■ PROVIDED DATA:
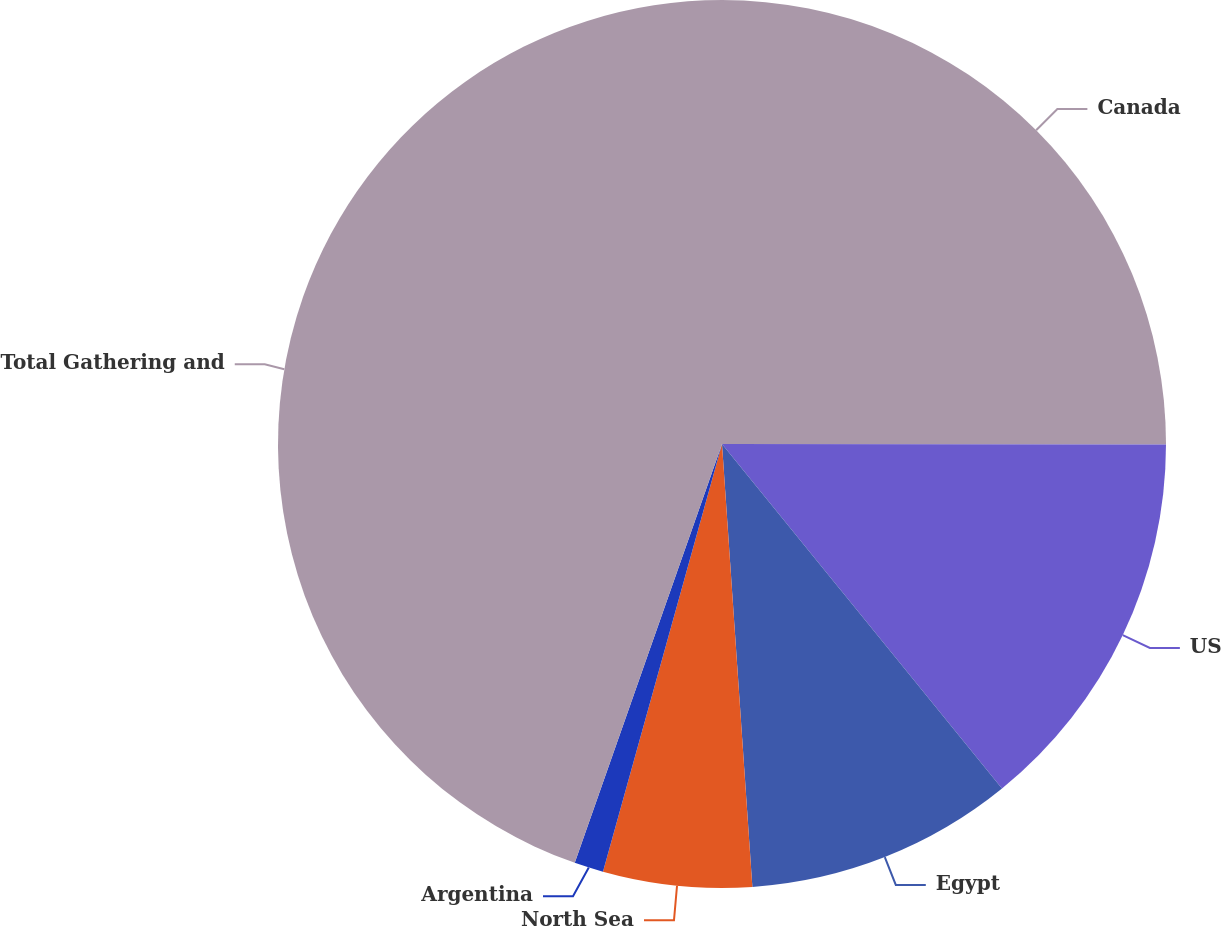Convert chart. <chart><loc_0><loc_0><loc_500><loc_500><pie_chart><fcel>Canada<fcel>US<fcel>Egypt<fcel>North Sea<fcel>Argentina<fcel>Total Gathering and<nl><fcel>25.02%<fcel>14.12%<fcel>9.77%<fcel>5.41%<fcel>1.06%<fcel>44.62%<nl></chart> 
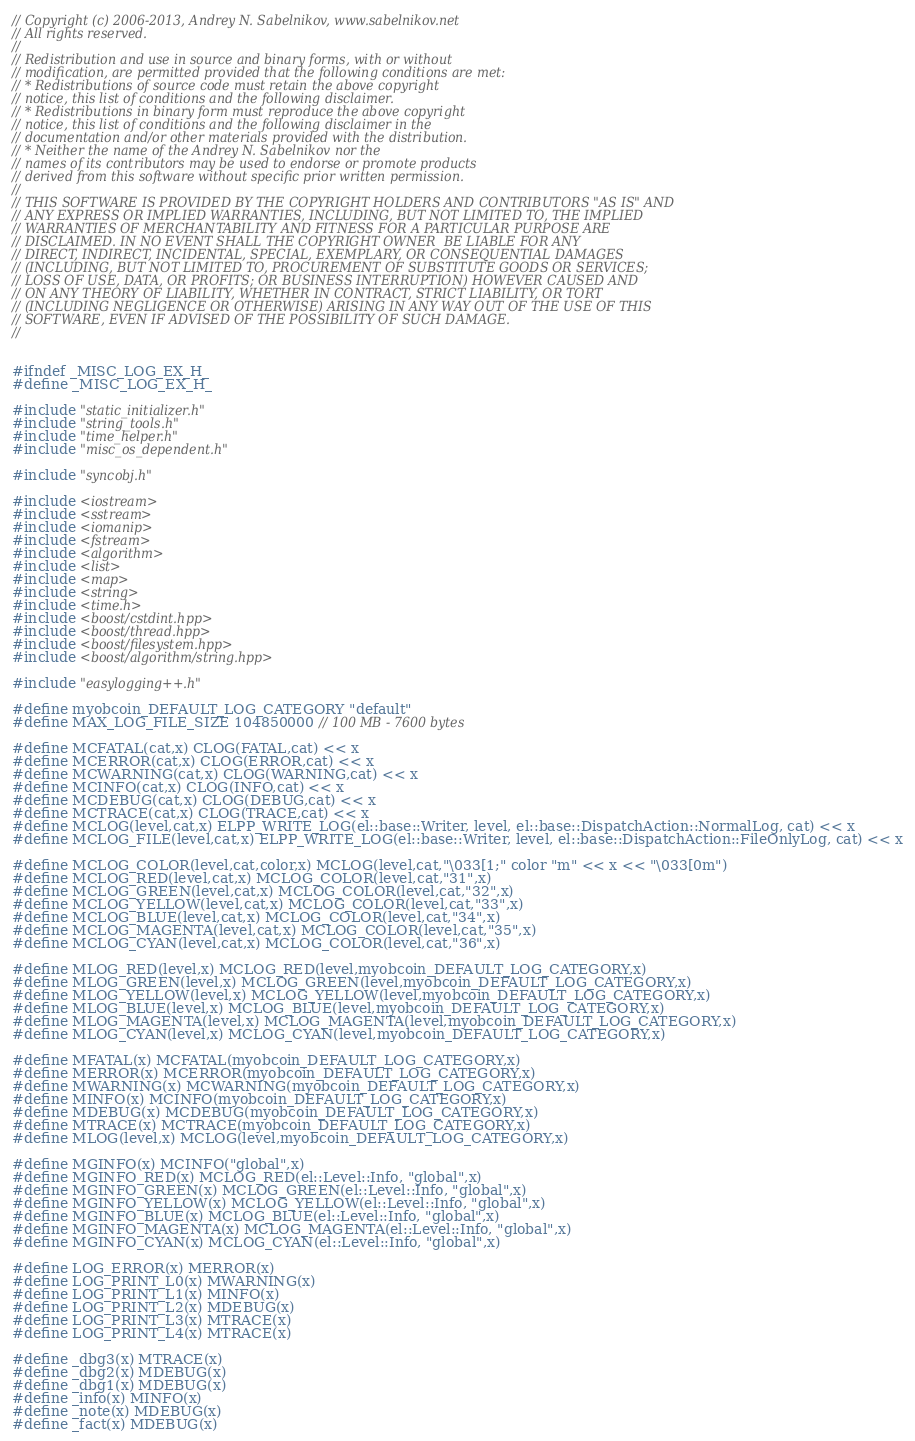Convert code to text. <code><loc_0><loc_0><loc_500><loc_500><_C_>// Copyright (c) 2006-2013, Andrey N. Sabelnikov, www.sabelnikov.net
// All rights reserved.
//
// Redistribution and use in source and binary forms, with or without
// modification, are permitted provided that the following conditions are met:
// * Redistributions of source code must retain the above copyright
// notice, this list of conditions and the following disclaimer.
// * Redistributions in binary form must reproduce the above copyright
// notice, this list of conditions and the following disclaimer in the
// documentation and/or other materials provided with the distribution.
// * Neither the name of the Andrey N. Sabelnikov nor the
// names of its contributors may be used to endorse or promote products
// derived from this software without specific prior written permission.
//
// THIS SOFTWARE IS PROVIDED BY THE COPYRIGHT HOLDERS AND CONTRIBUTORS "AS IS" AND
// ANY EXPRESS OR IMPLIED WARRANTIES, INCLUDING, BUT NOT LIMITED TO, THE IMPLIED
// WARRANTIES OF MERCHANTABILITY AND FITNESS FOR A PARTICULAR PURPOSE ARE
// DISCLAIMED. IN NO EVENT SHALL THE COPYRIGHT OWNER  BE LIABLE FOR ANY
// DIRECT, INDIRECT, INCIDENTAL, SPECIAL, EXEMPLARY, OR CONSEQUENTIAL DAMAGES
// (INCLUDING, BUT NOT LIMITED TO, PROCUREMENT OF SUBSTITUTE GOODS OR SERVICES;
// LOSS OF USE, DATA, OR PROFITS; OR BUSINESS INTERRUPTION) HOWEVER CAUSED AND
// ON ANY THEORY OF LIABILITY, WHETHER IN CONTRACT, STRICT LIABILITY, OR TORT
// (INCLUDING NEGLIGENCE OR OTHERWISE) ARISING IN ANY WAY OUT OF THE USE OF THIS
// SOFTWARE, EVEN IF ADVISED OF THE POSSIBILITY OF SUCH DAMAGE.
//


#ifndef _MISC_LOG_EX_H_
#define _MISC_LOG_EX_H_

#include "static_initializer.h"
#include "string_tools.h"
#include "time_helper.h"
#include "misc_os_dependent.h"

#include "syncobj.h"

#include <iostream>
#include <sstream>
#include <iomanip>
#include <fstream>
#include <algorithm>
#include <list>
#include <map>
#include <string>
#include <time.h>
#include <boost/cstdint.hpp>
#include <boost/thread.hpp>
#include <boost/filesystem.hpp>
#include <boost/algorithm/string.hpp>

#include "easylogging++.h"

#define myobcoin_DEFAULT_LOG_CATEGORY "default"
#define MAX_LOG_FILE_SIZE 104850000 // 100 MB - 7600 bytes

#define MCFATAL(cat,x) CLOG(FATAL,cat) << x
#define MCERROR(cat,x) CLOG(ERROR,cat) << x
#define MCWARNING(cat,x) CLOG(WARNING,cat) << x
#define MCINFO(cat,x) CLOG(INFO,cat) << x
#define MCDEBUG(cat,x) CLOG(DEBUG,cat) << x
#define MCTRACE(cat,x) CLOG(TRACE,cat) << x
#define MCLOG(level,cat,x) ELPP_WRITE_LOG(el::base::Writer, level, el::base::DispatchAction::NormalLog, cat) << x
#define MCLOG_FILE(level,cat,x) ELPP_WRITE_LOG(el::base::Writer, level, el::base::DispatchAction::FileOnlyLog, cat) << x

#define MCLOG_COLOR(level,cat,color,x) MCLOG(level,cat,"\033[1;" color "m" << x << "\033[0m")
#define MCLOG_RED(level,cat,x) MCLOG_COLOR(level,cat,"31",x)
#define MCLOG_GREEN(level,cat,x) MCLOG_COLOR(level,cat,"32",x)
#define MCLOG_YELLOW(level,cat,x) MCLOG_COLOR(level,cat,"33",x)
#define MCLOG_BLUE(level,cat,x) MCLOG_COLOR(level,cat,"34",x)
#define MCLOG_MAGENTA(level,cat,x) MCLOG_COLOR(level,cat,"35",x)
#define MCLOG_CYAN(level,cat,x) MCLOG_COLOR(level,cat,"36",x)

#define MLOG_RED(level,x) MCLOG_RED(level,myobcoin_DEFAULT_LOG_CATEGORY,x)
#define MLOG_GREEN(level,x) MCLOG_GREEN(level,myobcoin_DEFAULT_LOG_CATEGORY,x)
#define MLOG_YELLOW(level,x) MCLOG_YELLOW(level,myobcoin_DEFAULT_LOG_CATEGORY,x)
#define MLOG_BLUE(level,x) MCLOG_BLUE(level,myobcoin_DEFAULT_LOG_CATEGORY,x)
#define MLOG_MAGENTA(level,x) MCLOG_MAGENTA(level,myobcoin_DEFAULT_LOG_CATEGORY,x)
#define MLOG_CYAN(level,x) MCLOG_CYAN(level,myobcoin_DEFAULT_LOG_CATEGORY,x)

#define MFATAL(x) MCFATAL(myobcoin_DEFAULT_LOG_CATEGORY,x)
#define MERROR(x) MCERROR(myobcoin_DEFAULT_LOG_CATEGORY,x)
#define MWARNING(x) MCWARNING(myobcoin_DEFAULT_LOG_CATEGORY,x)
#define MINFO(x) MCINFO(myobcoin_DEFAULT_LOG_CATEGORY,x)
#define MDEBUG(x) MCDEBUG(myobcoin_DEFAULT_LOG_CATEGORY,x)
#define MTRACE(x) MCTRACE(myobcoin_DEFAULT_LOG_CATEGORY,x)
#define MLOG(level,x) MCLOG(level,myobcoin_DEFAULT_LOG_CATEGORY,x)

#define MGINFO(x) MCINFO("global",x)
#define MGINFO_RED(x) MCLOG_RED(el::Level::Info, "global",x)
#define MGINFO_GREEN(x) MCLOG_GREEN(el::Level::Info, "global",x)
#define MGINFO_YELLOW(x) MCLOG_YELLOW(el::Level::Info, "global",x)
#define MGINFO_BLUE(x) MCLOG_BLUE(el::Level::Info, "global",x)
#define MGINFO_MAGENTA(x) MCLOG_MAGENTA(el::Level::Info, "global",x)
#define MGINFO_CYAN(x) MCLOG_CYAN(el::Level::Info, "global",x)

#define LOG_ERROR(x) MERROR(x)
#define LOG_PRINT_L0(x) MWARNING(x)
#define LOG_PRINT_L1(x) MINFO(x)
#define LOG_PRINT_L2(x) MDEBUG(x)
#define LOG_PRINT_L3(x) MTRACE(x)
#define LOG_PRINT_L4(x) MTRACE(x)

#define _dbg3(x) MTRACE(x)
#define _dbg2(x) MDEBUG(x)
#define _dbg1(x) MDEBUG(x)
#define _info(x) MINFO(x)
#define _note(x) MDEBUG(x)
#define _fact(x) MDEBUG(x)</code>

■ PROBLEM REQUIREMENTS:
Look through the material above for the string "DispatchAction" and copy each line that has it.

■ EXERCISE RESULT:
#define MCLOG(level,cat,x) ELPP_WRITE_LOG(el::base::Writer, level, el::base::DispatchAction::NormalLog, cat) << x
#define MCLOG_FILE(level,cat,x) ELPP_WRITE_LOG(el::base::Writer, level, el::base::DispatchAction::FileOnlyLog, cat) << x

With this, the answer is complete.